- PROBLEM STATEMENT: Transcribe only part of the material below: the lines from the one containing "Page size: 1241x1754." through the one containing "text Bent u het niet eens met het", inclusive, exactly as written.

- PROVIDED RECORDS:
════════════════
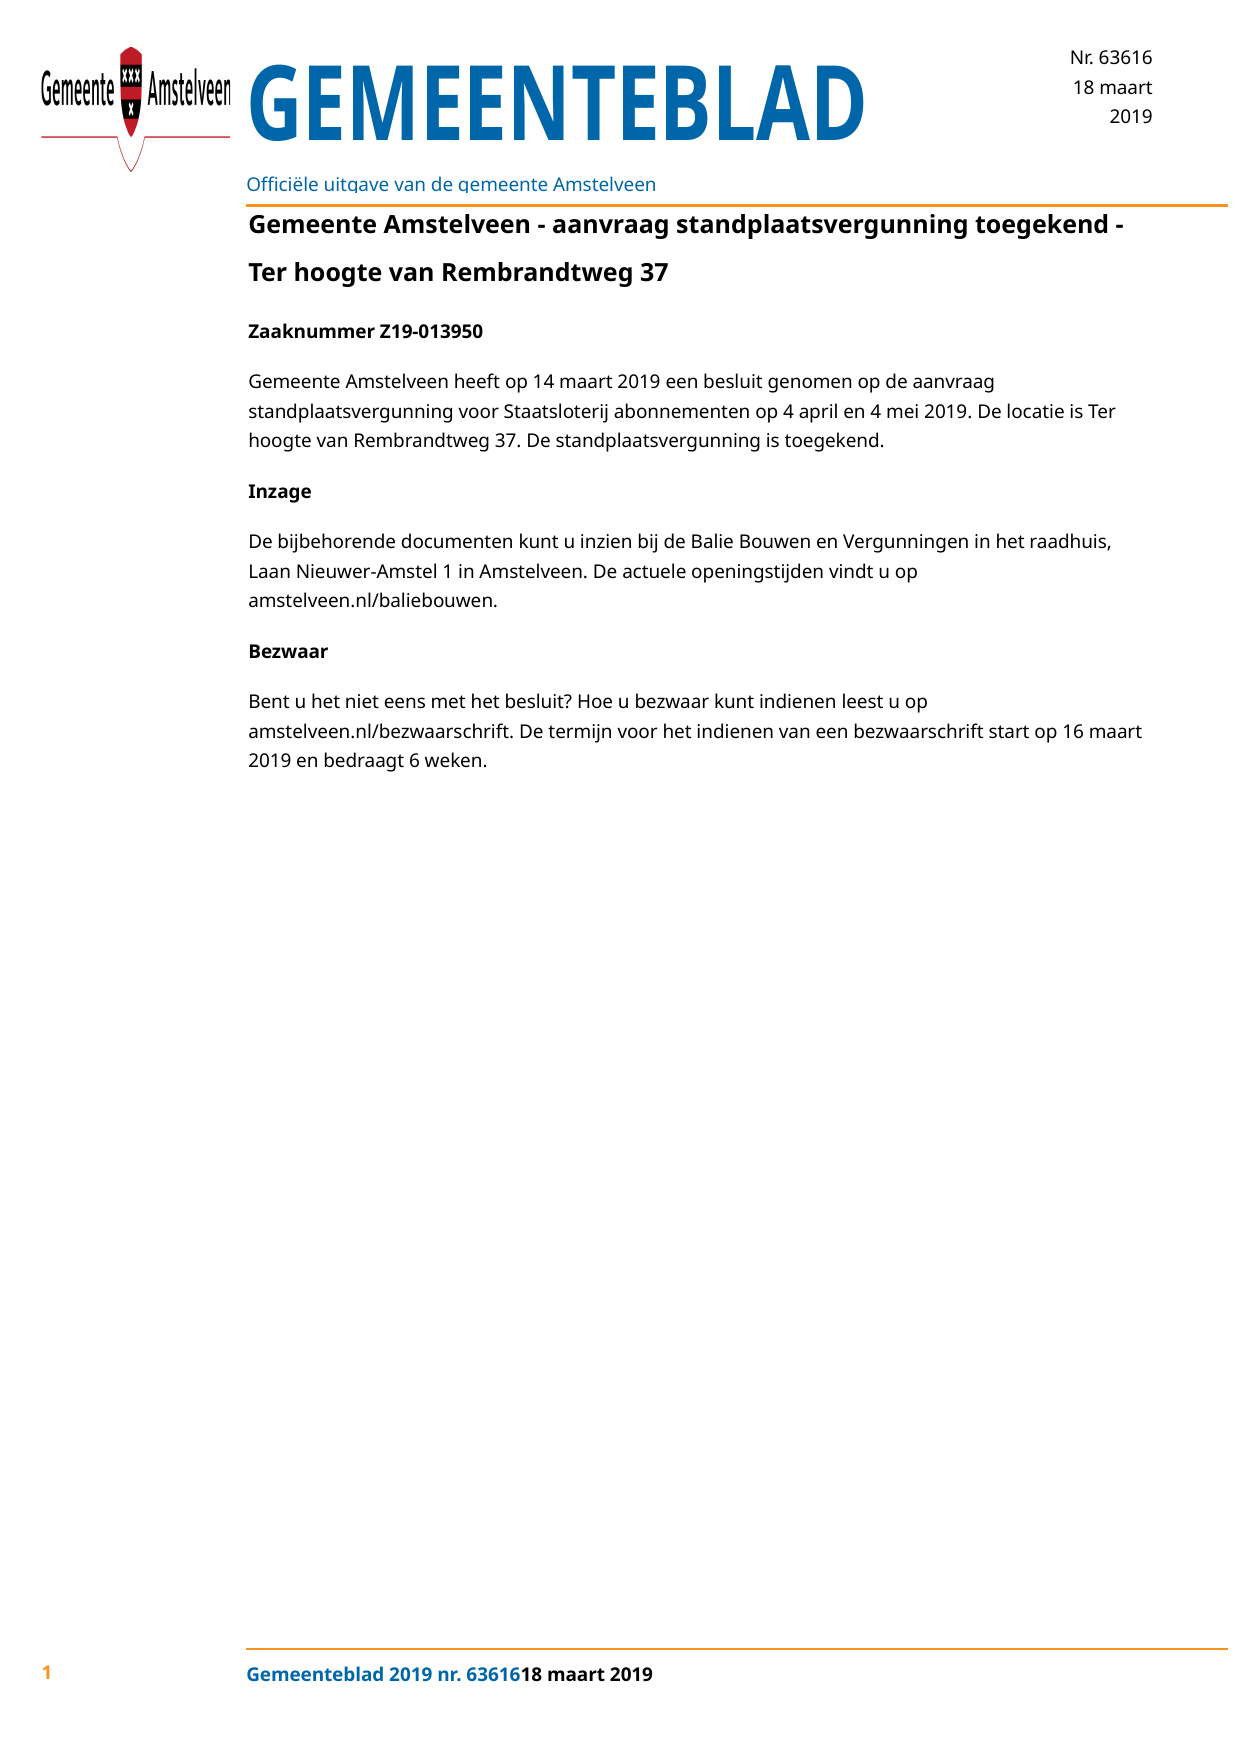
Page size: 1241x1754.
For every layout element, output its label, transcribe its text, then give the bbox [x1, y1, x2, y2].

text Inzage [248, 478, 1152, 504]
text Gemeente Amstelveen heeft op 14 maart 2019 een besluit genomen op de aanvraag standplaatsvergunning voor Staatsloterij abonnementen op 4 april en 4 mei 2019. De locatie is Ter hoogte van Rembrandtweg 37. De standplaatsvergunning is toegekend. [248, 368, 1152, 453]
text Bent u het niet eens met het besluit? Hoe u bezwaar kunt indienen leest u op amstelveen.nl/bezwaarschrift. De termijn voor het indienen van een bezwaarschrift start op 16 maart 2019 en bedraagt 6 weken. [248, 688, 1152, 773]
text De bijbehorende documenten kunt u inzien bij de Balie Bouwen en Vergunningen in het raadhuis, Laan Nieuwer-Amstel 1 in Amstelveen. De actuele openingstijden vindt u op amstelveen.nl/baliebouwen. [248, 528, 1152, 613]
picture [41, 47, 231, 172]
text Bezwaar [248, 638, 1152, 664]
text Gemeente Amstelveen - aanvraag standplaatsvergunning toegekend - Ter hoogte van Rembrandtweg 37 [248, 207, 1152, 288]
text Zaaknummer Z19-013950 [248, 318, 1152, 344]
════════════════
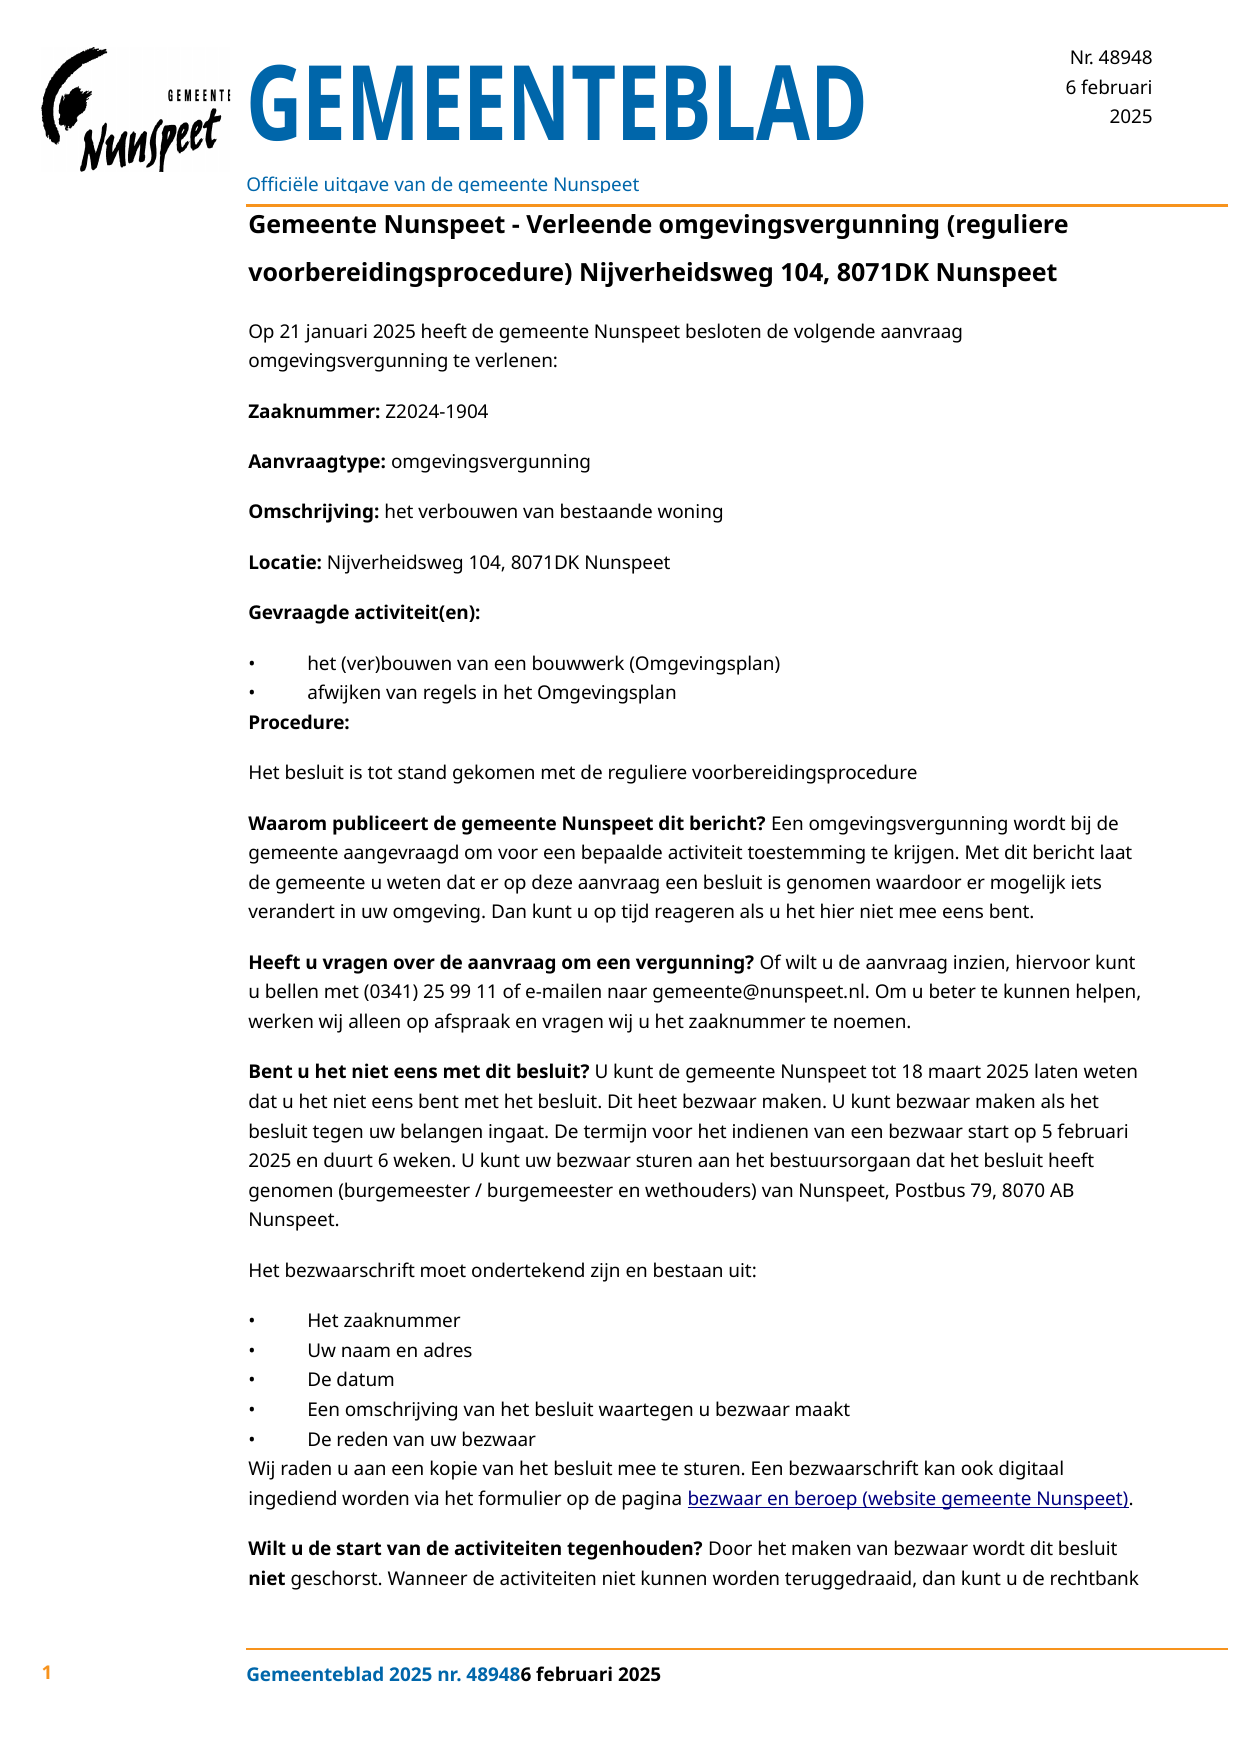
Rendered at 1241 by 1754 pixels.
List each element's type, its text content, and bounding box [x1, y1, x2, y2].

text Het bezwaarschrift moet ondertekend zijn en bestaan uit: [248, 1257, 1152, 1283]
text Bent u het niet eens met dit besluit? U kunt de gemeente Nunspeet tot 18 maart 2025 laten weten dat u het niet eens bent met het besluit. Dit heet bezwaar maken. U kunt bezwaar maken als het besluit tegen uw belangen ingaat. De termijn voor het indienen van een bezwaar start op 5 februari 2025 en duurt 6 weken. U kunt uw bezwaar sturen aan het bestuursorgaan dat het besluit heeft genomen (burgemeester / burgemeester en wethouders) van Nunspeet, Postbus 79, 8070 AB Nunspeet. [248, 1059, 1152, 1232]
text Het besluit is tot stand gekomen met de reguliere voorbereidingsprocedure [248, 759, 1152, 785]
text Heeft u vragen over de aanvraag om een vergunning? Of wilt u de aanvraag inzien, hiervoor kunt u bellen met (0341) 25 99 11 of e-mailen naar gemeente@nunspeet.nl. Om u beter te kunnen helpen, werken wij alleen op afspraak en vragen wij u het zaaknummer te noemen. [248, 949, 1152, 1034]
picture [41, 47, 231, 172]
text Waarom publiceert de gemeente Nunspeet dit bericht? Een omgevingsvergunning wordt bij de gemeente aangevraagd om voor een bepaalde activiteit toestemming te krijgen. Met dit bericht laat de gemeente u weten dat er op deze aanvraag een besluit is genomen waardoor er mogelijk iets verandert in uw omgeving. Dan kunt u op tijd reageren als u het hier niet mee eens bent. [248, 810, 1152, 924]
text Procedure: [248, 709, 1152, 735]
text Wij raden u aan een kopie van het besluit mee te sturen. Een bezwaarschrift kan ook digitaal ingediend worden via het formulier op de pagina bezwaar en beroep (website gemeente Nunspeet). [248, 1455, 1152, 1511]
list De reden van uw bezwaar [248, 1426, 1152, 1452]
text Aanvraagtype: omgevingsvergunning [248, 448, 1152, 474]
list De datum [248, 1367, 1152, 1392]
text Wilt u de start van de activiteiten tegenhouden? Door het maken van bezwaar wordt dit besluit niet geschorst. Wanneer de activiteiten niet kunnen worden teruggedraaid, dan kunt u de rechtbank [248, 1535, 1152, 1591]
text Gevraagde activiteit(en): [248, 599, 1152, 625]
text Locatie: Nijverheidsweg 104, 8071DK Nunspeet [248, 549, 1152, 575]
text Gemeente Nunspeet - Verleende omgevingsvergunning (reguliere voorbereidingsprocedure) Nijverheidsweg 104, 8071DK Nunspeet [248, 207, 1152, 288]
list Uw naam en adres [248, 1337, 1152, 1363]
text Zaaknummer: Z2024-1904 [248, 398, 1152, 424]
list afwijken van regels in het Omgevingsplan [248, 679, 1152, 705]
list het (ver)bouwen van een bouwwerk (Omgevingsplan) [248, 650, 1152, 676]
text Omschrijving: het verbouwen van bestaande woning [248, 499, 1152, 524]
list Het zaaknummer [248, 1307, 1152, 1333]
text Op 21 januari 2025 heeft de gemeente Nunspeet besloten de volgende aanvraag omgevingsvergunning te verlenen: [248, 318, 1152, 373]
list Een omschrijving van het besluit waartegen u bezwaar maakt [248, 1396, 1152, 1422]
════════════════
- OUTPUT OF THE TASK:
Page size: 1241x1754.
For every layout element, output its label, transcribe its text, then give the bbox [x1, y1, x2, y2].

text Inzage [248, 478, 1152, 504]
text Gemeente Amstelveen heeft op 14 maart 2019 een besluit genomen op de aanvraag standplaatsvergunning voor Staatsloterij abonnementen op 4 april en 4 mei 2019. De locatie is Ter hoogte van Rembrandtweg 37. De standplaatsvergunning is toegekend. [248, 368, 1152, 453]
text Bent u het niet eens met het besluit? Hoe u bezwaar kunt indienen leest u op amstelveen.nl/bezwaarschrift. De termijn voor het indienen van een bezwaarschrift start op 16 maart 2019 en bedraagt 6 weken. [248, 688, 1152, 773]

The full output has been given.